These cases and other authorities are enough to show that the plea must be correct at least in its prayer as to the kind of process to be quashed, whether it may or may not go farther and include the declaration. If it be right as to the original process, as the writ or bill, and add the declaration, that addition may perhaps be treated as surplusage. It was said in Leaves v. Bernard, 5 Mod. 132, that in the K. B. you may plead both to the bill and declaration ; and so the case of Atwood v. Davis, 1 Barn. & Aid, 172, would seem to indicate. The plea there, which was in the king’s bench, prayed that the writ and declaration might be quashed, and held ill; but that the prayer should have been of the bill, not the writ. Lord Ellenborough, Ch. J. said, “ there must be judgment for the plaintiff, unless bill and writ mean the same thing.” If Mr. Stephen’s form be right, then Haywood's exc’rs v. Chestney, in 13 Wendell, says virtually that the word writ is equally inapplicable to our county court of common pleas. If any original process behind the declaraSion is to be implied, it is probably a plaint in analogy to the *221county court in England; and I believe the proceedings in our county courts have usually been looked at in that view, and so treated in pleading them. The pleader has generally said a plaint, was levied, and this was supposed to give the jurisdiction-

But the present revised statutes, 2 R. S. 269, § 1, sub. 3, provide still another mode of commencing suits in the supreme court and common pleas ; that is by declaration. The provisions of that statute were extended to the mayor’s courts in 1833, Sess. 56, p. 20, ch. 17, § 5. Under this latter statute, the suit now in question was commenced, as is obvious from the beginning of the declaration. This is then not only in the nature of process, but it is the original process itself, like an original, or a plaint or bill of privilege. It is served on the party personally.

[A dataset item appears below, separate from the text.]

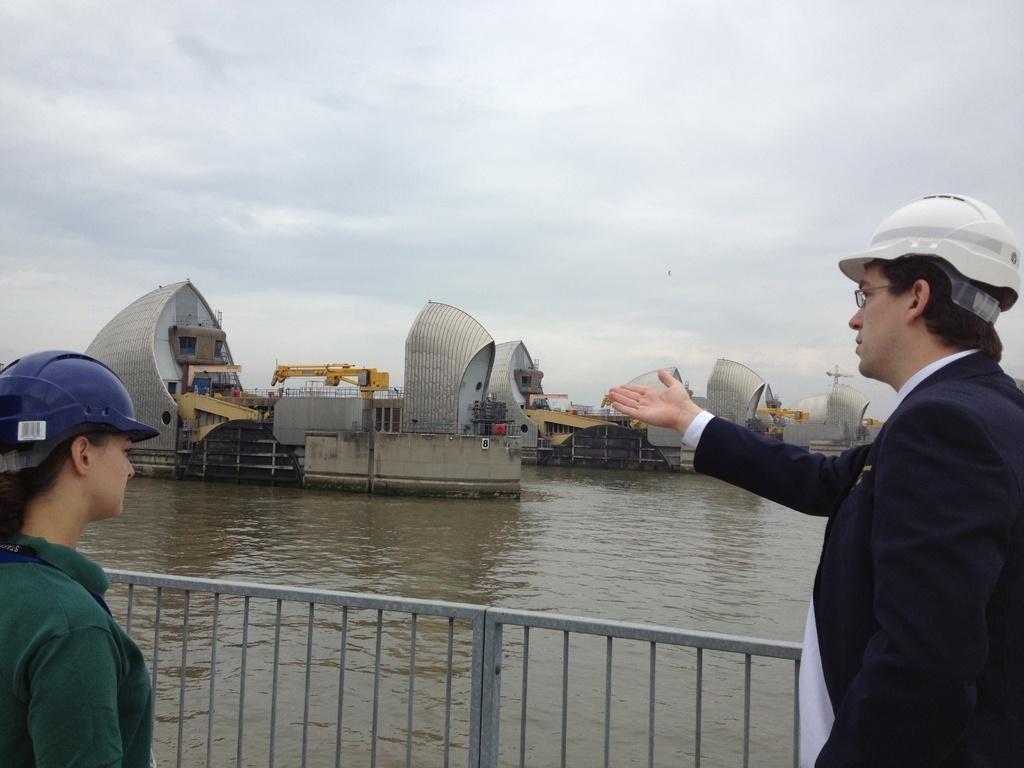Describe this image in one or two sentences. In this image we can see a man and a woman wearing helmets standing beside a fence. We can also see a water body, a group of buildings, crane, pole and the sky which looks cloudy.

The declaration thus becoming the real and only process known to the suit, I now see no other way in a plea in abatement but to pray judgment of the declaration so nomine according to the truth, per curiam in Johnson v. Altham, 10 Mod. 192, the same as you would of a bill in the king’s bench, or formerly in this court. If it be a bill or equivalent to a bill here, or ever were so, which is quite doubtful, 15 Johns. R. 326, note, 3 Johns. Cas, 149, 50, per Radcliff, J., yet certainly it is not so in the common pleas or mayor’s court, where that class of original process is unknown, except it be against its officers. It supposes nothing which has gone before it in nature of an original; neither plaint, bill nor writ. The power is given by statute, 2 R. S. 148, § I, 2d ed. Least of all does it come from the notion of the old original, or the fiction on which the bill rests. The old form of prayer is therefore gone quoad hoc. It becomes utterly unmeaning in a court to which the process by bill is a stranger. The plea might as well pray judgment of a bill in equity. The remark in Leaves v. Bernard 1 Mod. 132, that billa and narratio are the same, was said of the king’s bench. To call the declaration in the mayor’s court or common pleas a bill, is at least a defect in form.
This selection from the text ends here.